It’s pretty safe to say that the majority of faith-based schools across the country have welcomed students into the classroom to being the 2015-2016 school year. Now it’s time to start planning for the 2016-2017 school year!
However, you’re still going to get parents that are interested in enrolling their children in your school. When I worked for an office that coordinated 20 schools, this is the time of year I’d get phone calls from parents who wanted to enroll their child, but was told by office personnel at the school they would have to pay the full cost of tuition since there were no financial aid funds left. It that conversation still happens at your school today, that means that your school is full to the gills with children, and you have waiting lists for each grade.
Enrollment can only grow if children are enrolled. How can you increase enrollment if children are being turned away? Even if you have “no aid” left to give, a new child enrolling into the school is “found” revenue. This may require a change in thinking, shifting from a “financial aid” mindset to a “revenue stream” mindset.
Here are a couple of scenarios to illustrate:
Scenario 1: “There is no more aid” – While this may be true, stating this to just one parent will eventually cause your enrollment “funnel” to shut down since parents talk to parents. Instead, look at it this way. Johnny Smith’s parents has “0” ability to pay as reported by your financial aid assessment partner, yet his parents are willing to pay $1000. If you enroll the child, that’s $1000 that you didn’t have before he walked in the door. Next year, he becomes part of the financial aid process, and then can be awarded “real” aid dollars. Turn the student away in September and you’re defeating the whole purpose of building enrollment for your school.

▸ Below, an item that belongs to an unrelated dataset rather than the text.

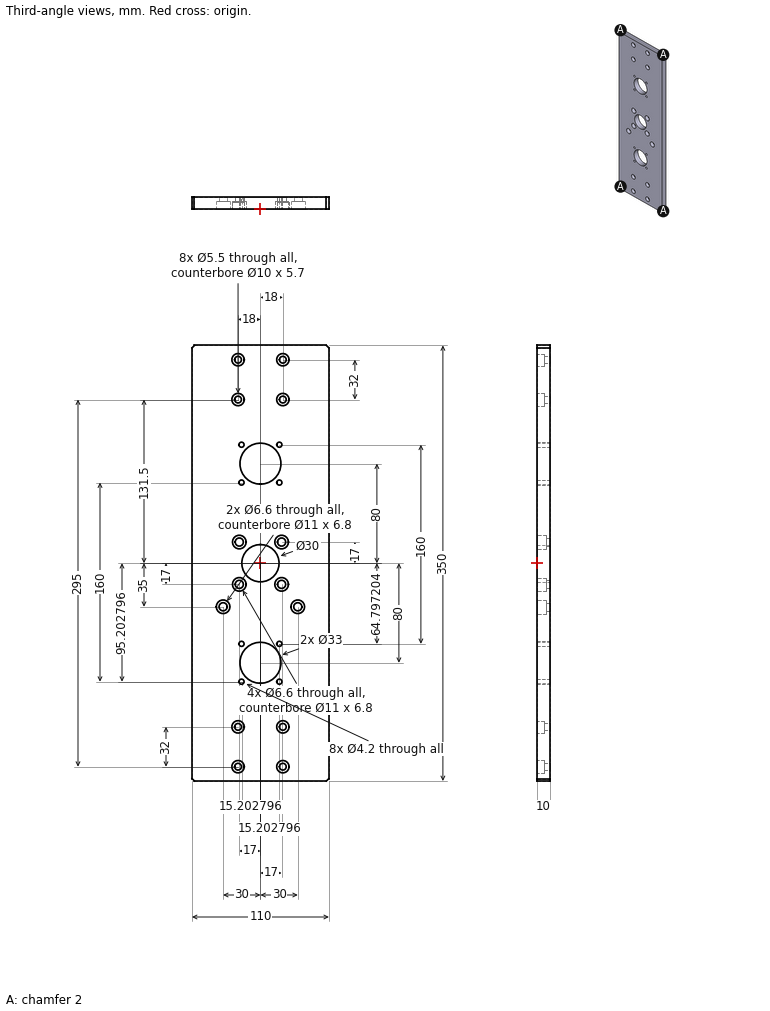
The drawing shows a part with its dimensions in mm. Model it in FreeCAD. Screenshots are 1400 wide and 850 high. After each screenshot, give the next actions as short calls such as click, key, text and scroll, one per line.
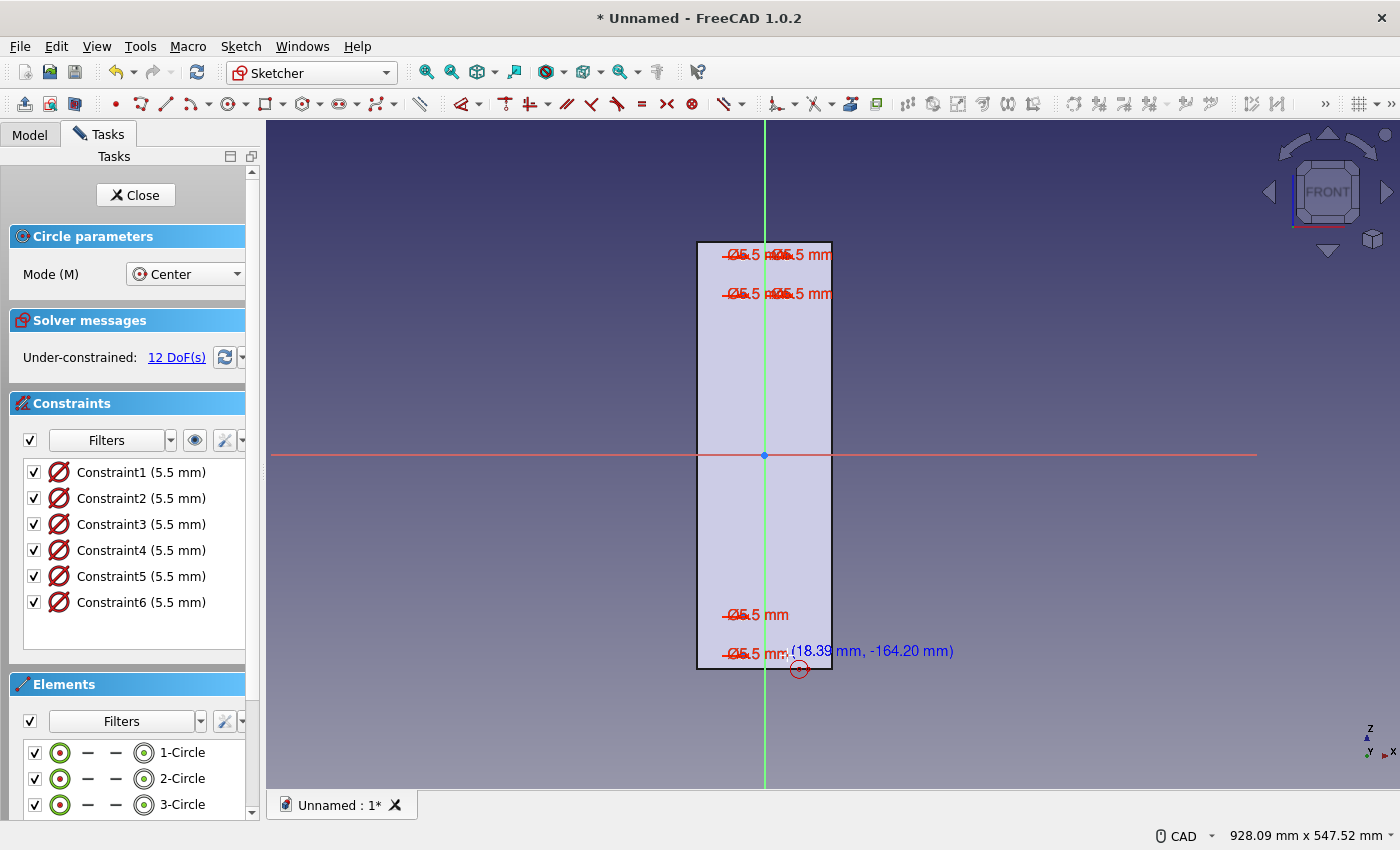
click(787, 655)
move(789, 653)

WARNING: Once again, this is for NEW students – they might have moved here from another state, transferred by a company so that dad can start his new job, etc. Doing this for ALL students will send the wrong message to current parents, that they can apply for aid at any time, and the “deadline” for aid doesn’t matter. Returning students applying after the deadline should be awarded aid on a first-come first-served basis with whatever aid is remaining. Those who choose not to apply for aid are obviously risking the consequence of paying the full amount because they are familiar with and aware of your tuition policies.
Caveat 1) Don’t count your full pay families until they’re hatched – ESPECIALLY in our current economic climate! Your full pays from last year may turn into aid applicants, and upfront payers may become monthly payers. To be fair, even thought they are “returning parents,” DO allow them to apply for aid just as you would a new parent, since, in reality, they are new to the aid process. However, if they were part of your school community in the previous school year, and you’re counting them as a full pay simply because they have registered and have not filled out a financial aid application, you are doing your school a disservice.

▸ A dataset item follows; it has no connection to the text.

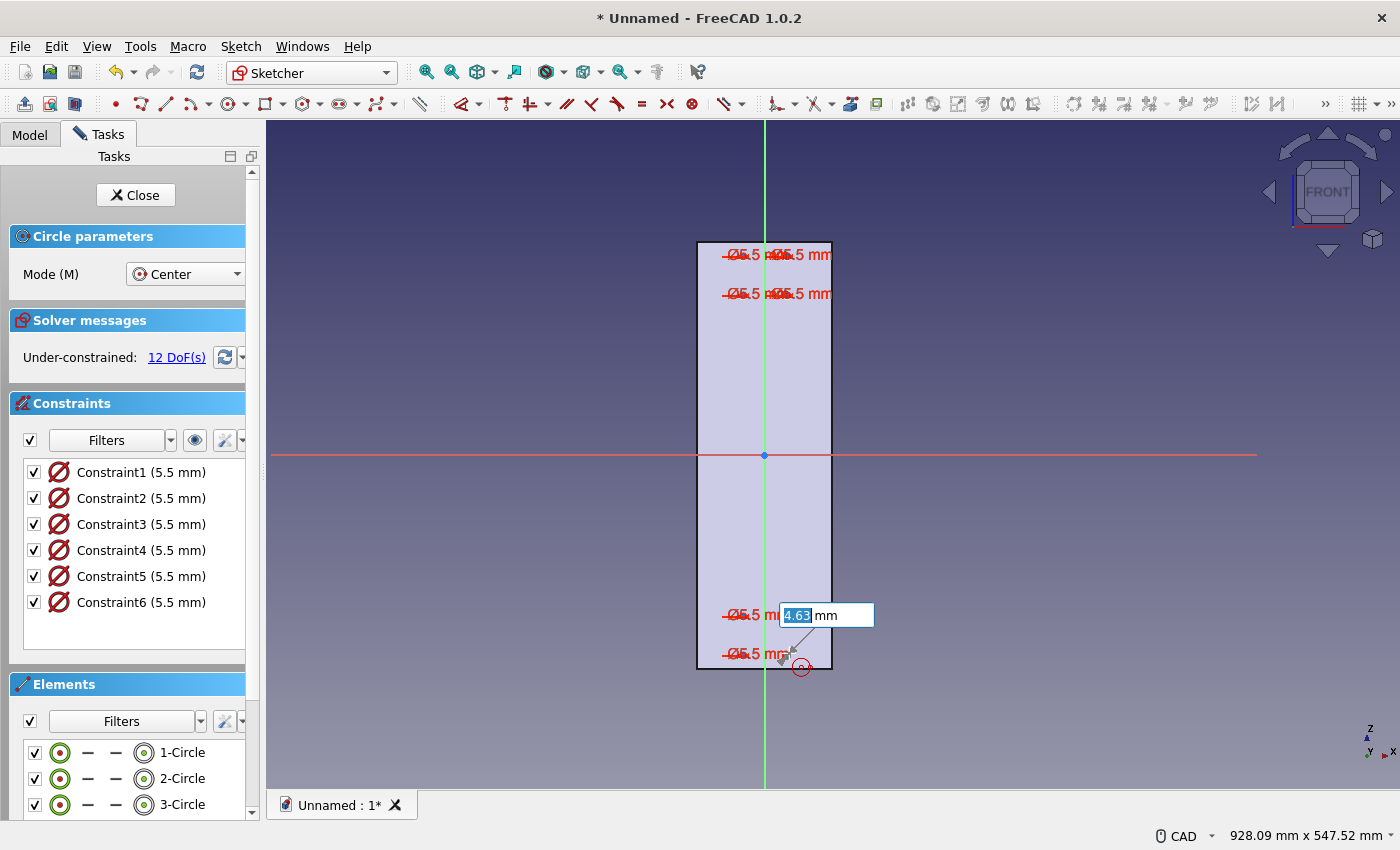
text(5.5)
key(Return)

Caveat 2) Payment method. “I’ll pay you when I can” is a big reason why schools are closing today. A contribution is a gift; tuition is an obligation. All parents should have at least 3 options when paying tuition – Full tuition due before the school year begins; half before school begins, and half due January 1; or monthly auto-withdrawal or online invoicing (yes, just like colleges do). All tuition payments should be handled by a third-party for payment security, parent convenience, and real-time reporting. I recommend FACTS for three reasons: One, I work for the company, but more importantly, I chose to work for them, because I’ve seen the company’s success with the schools I used to work with. Two, FACTS’ business model recommends direct debit because it’s the most successful way to get tuition to your school. There are no late fees, and follow-up is included. If there are NSF fees, parents are held accountable for them, rather than charging your school a returned payment fee which happens if you accept checks at your school. Even if your school chooses to apply a late fee, your school keeps the late fee as an additional revenue stream and has full control over it. Three, doing so helps you stop chasing unpaid tuition and start chasing new students to enroll in your school.
All payments going through a tuition management provider avoids: checks sitting in a drawer – or worse, on a desk – or even worse, cash in a drawer; multiple trips to the bank; parents asking for receipts; potential for fraud; etc. It’s a risk-mitigating benefit to the school, saving on all the accounting time, and bringing in a steady cash flow for good financial management. It also can help the parents develop responsible payment habits.
Scenario 2: “Miss Jennifer Jackson has withdrawn” – The parents of Miss Jennifer Jackson were returning parents, went through the financial aid process, and were only going to pay $1200, receiving $2600 in aid for a $3800 tuition bill. If the child leaves the school, the school is losing only $1200 in revenue. However, if the awarded aid is reallocated to existing parents, the school has actually lost THE ENTIRE $3800. What SHOULD happen is that this $2600 is reserved by the school to use for either new students coming in or reserved as additional income for the school. If you REALLY need to use it (as in, if you don’t use it, you lose it – which may happen in some state-funded scholarship situations), then perhaps use it as a source for those “end of the summer” appeals.
These methodologies are key to increasing and maintaining enrollment, as well as generating a positive cash flow from your tuition revenues.